# Task goal:
Search the records that follow and extract every line containing the string "bell".

_ _ _ _

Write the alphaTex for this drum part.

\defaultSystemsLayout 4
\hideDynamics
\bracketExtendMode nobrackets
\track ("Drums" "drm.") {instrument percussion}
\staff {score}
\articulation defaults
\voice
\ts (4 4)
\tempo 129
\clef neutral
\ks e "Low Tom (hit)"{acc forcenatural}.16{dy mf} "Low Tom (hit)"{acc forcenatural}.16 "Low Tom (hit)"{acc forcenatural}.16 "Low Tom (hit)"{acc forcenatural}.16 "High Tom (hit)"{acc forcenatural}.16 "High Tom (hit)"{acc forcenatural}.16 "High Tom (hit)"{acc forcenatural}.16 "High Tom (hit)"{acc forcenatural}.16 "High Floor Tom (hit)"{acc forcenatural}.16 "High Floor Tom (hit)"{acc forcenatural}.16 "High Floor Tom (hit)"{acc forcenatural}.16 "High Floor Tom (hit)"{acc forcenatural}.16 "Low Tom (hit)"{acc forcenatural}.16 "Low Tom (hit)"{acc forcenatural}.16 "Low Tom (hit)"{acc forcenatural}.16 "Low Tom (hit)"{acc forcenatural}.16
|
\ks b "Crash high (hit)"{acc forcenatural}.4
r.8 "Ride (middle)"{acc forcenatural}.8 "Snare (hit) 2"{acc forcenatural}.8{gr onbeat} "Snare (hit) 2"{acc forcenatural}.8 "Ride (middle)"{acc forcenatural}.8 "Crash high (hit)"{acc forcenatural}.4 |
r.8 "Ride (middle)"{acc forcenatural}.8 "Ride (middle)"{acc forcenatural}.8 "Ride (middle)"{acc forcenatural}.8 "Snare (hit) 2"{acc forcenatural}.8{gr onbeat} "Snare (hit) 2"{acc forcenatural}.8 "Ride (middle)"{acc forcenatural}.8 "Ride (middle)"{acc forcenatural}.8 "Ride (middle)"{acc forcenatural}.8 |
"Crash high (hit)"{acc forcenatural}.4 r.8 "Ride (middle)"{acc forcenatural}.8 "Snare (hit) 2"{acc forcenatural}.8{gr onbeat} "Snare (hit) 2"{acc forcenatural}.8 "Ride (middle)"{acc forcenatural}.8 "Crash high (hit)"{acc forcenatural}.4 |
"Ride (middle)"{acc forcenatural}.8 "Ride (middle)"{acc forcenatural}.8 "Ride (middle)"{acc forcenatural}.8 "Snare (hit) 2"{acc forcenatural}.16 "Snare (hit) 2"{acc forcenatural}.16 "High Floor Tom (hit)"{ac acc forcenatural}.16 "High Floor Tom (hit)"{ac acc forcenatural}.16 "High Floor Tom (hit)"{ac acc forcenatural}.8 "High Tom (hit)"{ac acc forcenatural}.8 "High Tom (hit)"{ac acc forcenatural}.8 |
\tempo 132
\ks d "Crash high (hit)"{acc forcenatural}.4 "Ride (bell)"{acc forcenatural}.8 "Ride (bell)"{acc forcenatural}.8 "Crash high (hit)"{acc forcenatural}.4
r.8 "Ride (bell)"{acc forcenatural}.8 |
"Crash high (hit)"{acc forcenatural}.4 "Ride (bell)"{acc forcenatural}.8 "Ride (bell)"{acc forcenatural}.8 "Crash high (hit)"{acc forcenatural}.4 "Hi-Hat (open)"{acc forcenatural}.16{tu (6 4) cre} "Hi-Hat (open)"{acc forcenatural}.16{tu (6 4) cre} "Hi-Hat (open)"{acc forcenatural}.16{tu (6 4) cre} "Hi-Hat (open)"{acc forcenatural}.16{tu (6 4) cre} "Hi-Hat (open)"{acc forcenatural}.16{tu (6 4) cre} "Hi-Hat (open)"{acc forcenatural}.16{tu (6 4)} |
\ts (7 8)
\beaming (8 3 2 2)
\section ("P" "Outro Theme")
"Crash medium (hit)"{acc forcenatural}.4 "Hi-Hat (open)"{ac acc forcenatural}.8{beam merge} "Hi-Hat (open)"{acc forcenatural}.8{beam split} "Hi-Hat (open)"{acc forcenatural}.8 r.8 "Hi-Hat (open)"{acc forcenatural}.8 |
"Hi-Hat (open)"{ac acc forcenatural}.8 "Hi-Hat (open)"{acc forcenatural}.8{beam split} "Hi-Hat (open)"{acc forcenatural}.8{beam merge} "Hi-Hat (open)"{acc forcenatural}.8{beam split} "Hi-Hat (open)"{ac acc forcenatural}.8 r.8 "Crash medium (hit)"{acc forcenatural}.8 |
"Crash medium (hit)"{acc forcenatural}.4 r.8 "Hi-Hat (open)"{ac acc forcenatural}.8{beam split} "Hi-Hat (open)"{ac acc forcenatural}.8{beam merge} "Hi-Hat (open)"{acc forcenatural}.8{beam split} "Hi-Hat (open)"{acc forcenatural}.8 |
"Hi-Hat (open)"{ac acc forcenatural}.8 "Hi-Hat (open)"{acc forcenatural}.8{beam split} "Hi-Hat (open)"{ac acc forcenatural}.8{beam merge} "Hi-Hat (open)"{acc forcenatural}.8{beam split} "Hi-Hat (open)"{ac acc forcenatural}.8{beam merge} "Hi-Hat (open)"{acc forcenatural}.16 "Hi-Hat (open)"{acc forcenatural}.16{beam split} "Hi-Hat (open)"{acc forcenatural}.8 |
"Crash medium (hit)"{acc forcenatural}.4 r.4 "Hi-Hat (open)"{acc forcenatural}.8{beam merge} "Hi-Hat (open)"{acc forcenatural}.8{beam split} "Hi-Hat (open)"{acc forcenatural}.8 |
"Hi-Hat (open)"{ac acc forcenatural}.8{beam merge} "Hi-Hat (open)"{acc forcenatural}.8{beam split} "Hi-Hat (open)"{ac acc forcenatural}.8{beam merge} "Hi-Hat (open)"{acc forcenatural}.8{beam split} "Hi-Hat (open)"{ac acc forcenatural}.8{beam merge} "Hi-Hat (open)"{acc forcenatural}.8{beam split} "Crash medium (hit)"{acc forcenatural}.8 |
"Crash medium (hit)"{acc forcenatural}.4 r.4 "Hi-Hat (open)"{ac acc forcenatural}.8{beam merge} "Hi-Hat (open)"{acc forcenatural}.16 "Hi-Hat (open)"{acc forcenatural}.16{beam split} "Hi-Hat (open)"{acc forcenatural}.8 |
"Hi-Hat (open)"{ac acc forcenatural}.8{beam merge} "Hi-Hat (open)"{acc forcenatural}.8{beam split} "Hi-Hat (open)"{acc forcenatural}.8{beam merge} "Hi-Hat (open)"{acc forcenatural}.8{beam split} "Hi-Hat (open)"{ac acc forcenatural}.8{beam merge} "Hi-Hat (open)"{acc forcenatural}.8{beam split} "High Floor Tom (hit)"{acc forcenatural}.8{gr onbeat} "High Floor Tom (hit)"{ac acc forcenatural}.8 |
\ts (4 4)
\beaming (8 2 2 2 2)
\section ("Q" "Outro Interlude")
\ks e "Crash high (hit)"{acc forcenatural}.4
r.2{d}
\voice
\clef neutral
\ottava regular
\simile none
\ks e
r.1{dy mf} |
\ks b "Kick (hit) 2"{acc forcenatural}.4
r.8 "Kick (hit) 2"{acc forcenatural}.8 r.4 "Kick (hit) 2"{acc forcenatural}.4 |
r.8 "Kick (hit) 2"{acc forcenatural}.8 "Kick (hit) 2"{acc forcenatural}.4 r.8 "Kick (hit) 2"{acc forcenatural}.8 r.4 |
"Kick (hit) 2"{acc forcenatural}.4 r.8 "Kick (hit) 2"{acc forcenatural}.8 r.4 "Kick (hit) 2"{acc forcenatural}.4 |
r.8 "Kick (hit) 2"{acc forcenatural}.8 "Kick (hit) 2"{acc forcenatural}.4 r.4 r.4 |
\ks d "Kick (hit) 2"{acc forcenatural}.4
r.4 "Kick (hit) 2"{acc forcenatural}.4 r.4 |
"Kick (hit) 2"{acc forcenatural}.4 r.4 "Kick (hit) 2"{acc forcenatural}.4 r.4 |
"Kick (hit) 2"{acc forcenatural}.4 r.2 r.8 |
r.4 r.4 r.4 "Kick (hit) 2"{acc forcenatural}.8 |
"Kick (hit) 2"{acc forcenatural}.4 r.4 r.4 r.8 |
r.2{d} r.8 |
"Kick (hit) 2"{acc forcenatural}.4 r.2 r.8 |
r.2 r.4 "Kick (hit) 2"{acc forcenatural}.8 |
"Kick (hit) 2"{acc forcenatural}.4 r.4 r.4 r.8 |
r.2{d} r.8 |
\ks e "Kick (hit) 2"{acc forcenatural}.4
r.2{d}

_ _ _ _

# Solution:
\ks d "Crash high (hit)"{acc forcenatural}.4 "Ride (bell)"{acc forcenatural}.8 "Ride (bell)"{acc forcenatural}.8 "Crash high (hit)"{acc forcenatural}.4
r.8 "Ride (bell)"{acc forcenatural}.8 |
"Crash high (hit)"{acc forcenatural}.4 "Ride (bell)"{acc forcenatural}.8 "Ride (bell)"{acc forcenatural}.8 "Crash high (hit)"{acc forcenatural}.4 "Hi-Hat (open)"{acc forcenatural}.16{tu (6 4) cre} "Hi-Hat (open)"{acc forcenatural}.16{tu (6 4) cre} "Hi-Hat (open)"{acc forcenatural}.16{tu (6 4) cre} "Hi-Hat (open)"{acc forcenatural}.16{tu (6 4) cre} "Hi-Hat (open)"{acc forcenatural}.16{tu (6 4) cre} "Hi-Hat (open)"{acc forcenatural}.16{tu (6 4)} |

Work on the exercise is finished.